Khaldun urged Michiganders to take advantage of testing and to be vaccinated when able.

"We do not want to have to go backwards, to slow the great progress we've already made," Khaldun said. "We want to continue to reopen our economy, and get back to a sense of normalcy."

Gov. Gretchen Whitmer welcomed the new director of the Michigan Department of Health and Human Services, Elizabeth Hertel, while noting that all of the state's vaccines have either been administered or scheduled, according to Whitmer.

"The fact of the matter is we don't yet have the kind of supply that we nee – yet," Whitmer said. "We do have a plan for 50,000 shots in arms per day, once we have the vaccines that we need."

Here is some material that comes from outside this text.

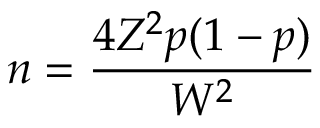Convert formula to latex. <formula><loc_0><loc_0><loc_500><loc_500>n = { \frac { 4 Z ^ { 2 } p ( 1 - p ) } { W ^ { 2 } } }</formula>

3:28 p.m. ET, January 25, 2021

About 200 National Guard members have tested positive for Covid-19 in Washington, DC

From CNN's Ellie Kaufman

A National Guard patrols a road block near the Capitol on January 19 in Washington, DC.
A National Guard patrols a road block near the Capitol on January 19 in Washington, DC. Matt Slocum/AP

Major Gen. William Walker, head of the DC National Guard, said that about 200 members have tested positive for Covid-19 and are being treated for the virus.

Walker said he was “deeply troubled” by the number of members who have tested positive and said they have been following US Centers for Disease Control and Prevention protocols to avoid spreading the virus to others while deployed in Washington.

Chief of the National Guard Bureau Gen. Daniel Hokanson said that 200 out of 25,000 guards is “less than one percent” infected total.

Thousands of national guards were mobilized to the US capital following the deadly Capitol riot and in response to potential unrest around President Biden's inauguration.